I took a cursory look at data provided by the Jefferson County District Attorneys Office and found that of the 253 suspects charged with manslaughter, murder, and capital murder in that jurisdiction since 2019, at least 85 were held without bond at the time of their arrest or indictment — or about 34-percent.
That sounds fairly high to me, but … one of those let loose was Travec Brandon Ard. He was charged with capital murder for a 2019 killing and let out on $75,000 bail in early 2020, but less than two months later was arrested for allegedly killing another man, his second capital offense in less than a year.
Known predators like Ard must be kept off the streets. That’s the priority, and if it comes at the expense of making room by eliminating cash bail for certain non-violent offenses, that’s a trade most people would be willing to make, and even expect.
Noted journalist Matt Taibbi, who has spent a great deal of time covering the issue and who supports bail reform, made this point on a recent episode of Joe Rogan’s podcast:
“There is a galaxy of people who get what they call “nuisance bail.” In other words, whether it’s for solicitation, disorderly conduct, or vandalism … prosecutors have this whole thing where they play games and they will try and get the judge to set bail just outside of the person’s ability to pay. They do an assessment of where you live, whether you have a job, whether you have a telephone in your house, all of this stuff, and they know roughly what you can afford when they go to ask for bail. It’s kind of a wink-wink, nudge-nudge thing between the judge and the prosecutors. That’s why there were calls for bail reform. What we’re really doing was setting bail so high that … people had to make a decision to plead early or sit in a place like Rikers Island and lose their jobs while they wait to adjudicate some really minor offense. So, there’s a good reason for bail reform, but that doesn’t mean that bail in all cases needs to be eliminated.”
A stolen lawnmower can be replaced. A person’s life cannot. That’s the difference here.
Going forward
Both sides are a little right, and both sides are a little wrong.

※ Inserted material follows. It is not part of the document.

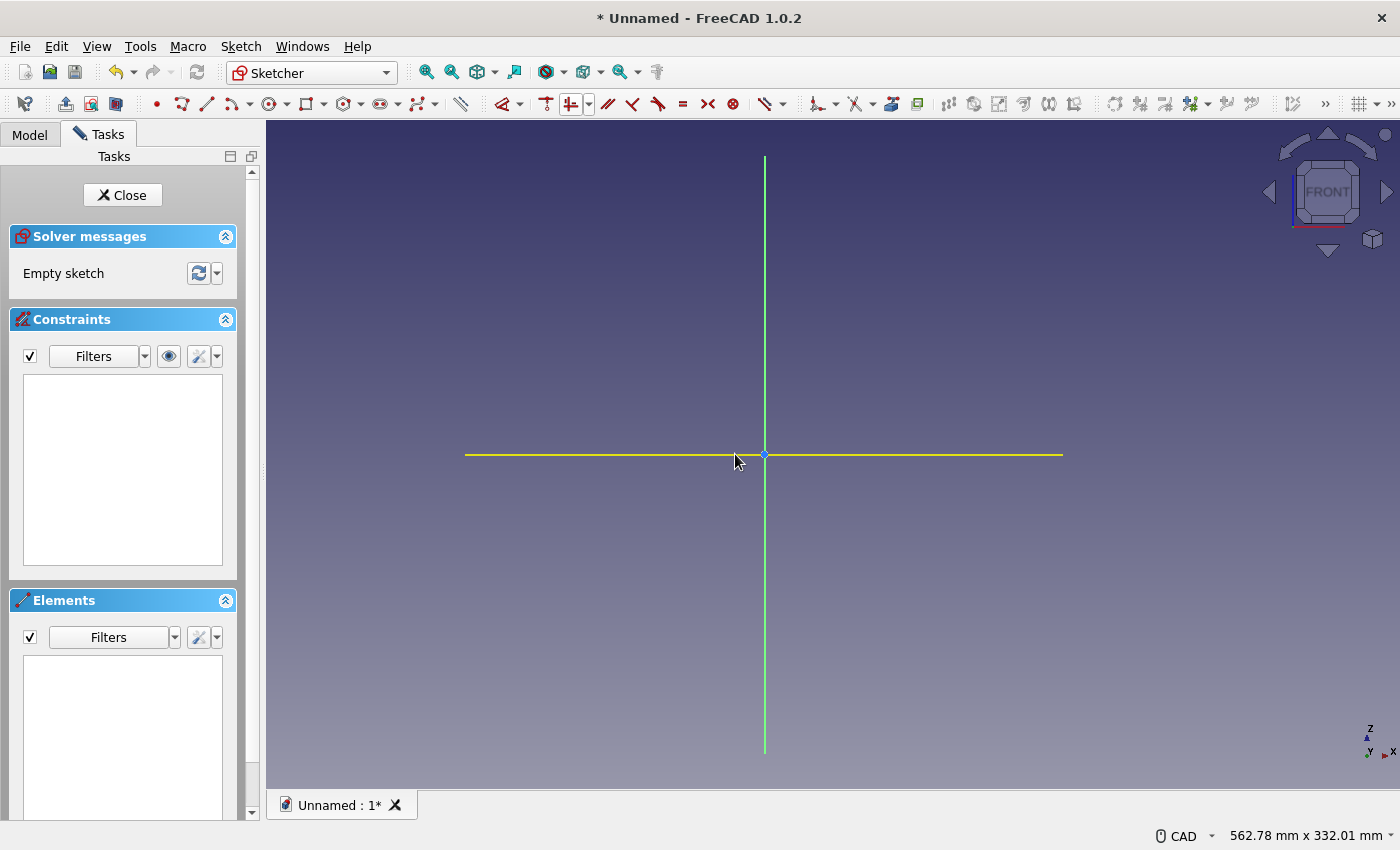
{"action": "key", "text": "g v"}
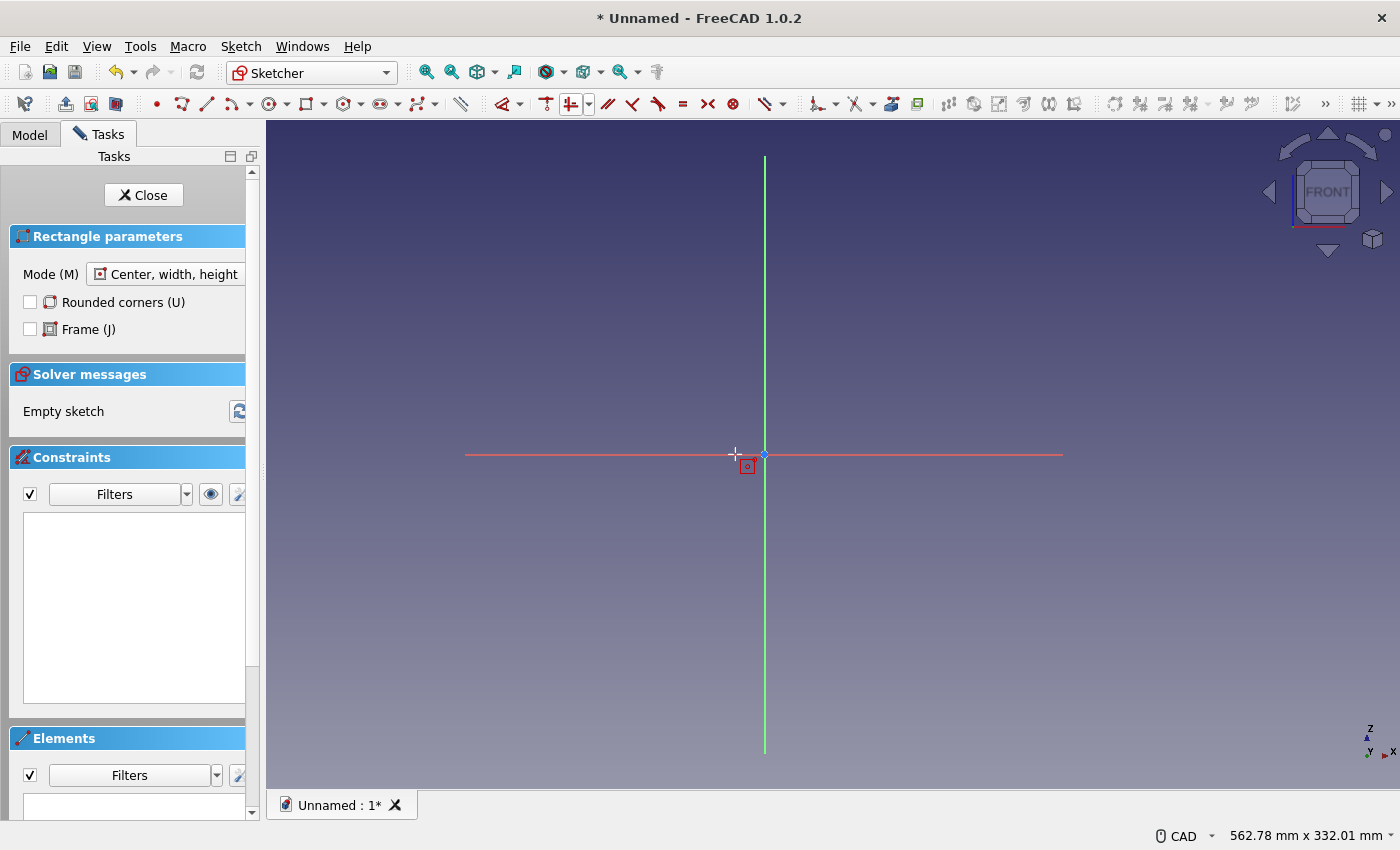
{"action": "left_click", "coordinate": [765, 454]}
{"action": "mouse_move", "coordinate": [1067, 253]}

Prosecutors and courts across the nation are facing calls for bail reform partly because, as Taibbi explained, some have used it as a tool to gain plea agreements for minor offenses. Such behavior spawned the bail reform movement, which contributed to events like the Waukesha tragedy. That, and it’s not what our Framer’s intended. Quite the opposite, in fact.
That must stop.
But prosecutors and courts must also have the tools necessary to keep people safe from known predators, and that includes locking-up alleged kidnappers, rapists, and murders who are caught red-handed and who the state has overwhelming reason to believe would pose a risk to public safety.
We mustn’t simply give the state a blank check, however. It’s a safe bet that the government will abuse whatever additional power the people grant, without vigilant oversight. As Benjamin Franklin warned, “Those who would give up essential liberty, to purchase a little temporary safety, deserve neither liberty nor safety.”
We deserve both.
Aniah, Kyser, and all of the other victims deserved both.
And with the enactment of Aniah’s Law, the increase of bail for murder, and the strength and will to ensure the state doesn’t abuse its authority, we just might be able to have it.
(Editor’s note: I’ll be taking the Christmas break off. See y’all in the New Year!)
Yet another well-researched and very well-written post. I was very informed by reading, and I got a good grasp of both sides or the argument.
I couldn’t help but think of Kyle Rittenhouse. The DA In Wisconsin could have set bail so high, without hard evidence, that Kyle may have pleaded guilty to second degree murder or manslaughter just to get out of jail at some distant time.
I tend to agree with your conclusion based on the frequency of occurrences and the upcoming vote to hopefully stem the tide of these tragedies.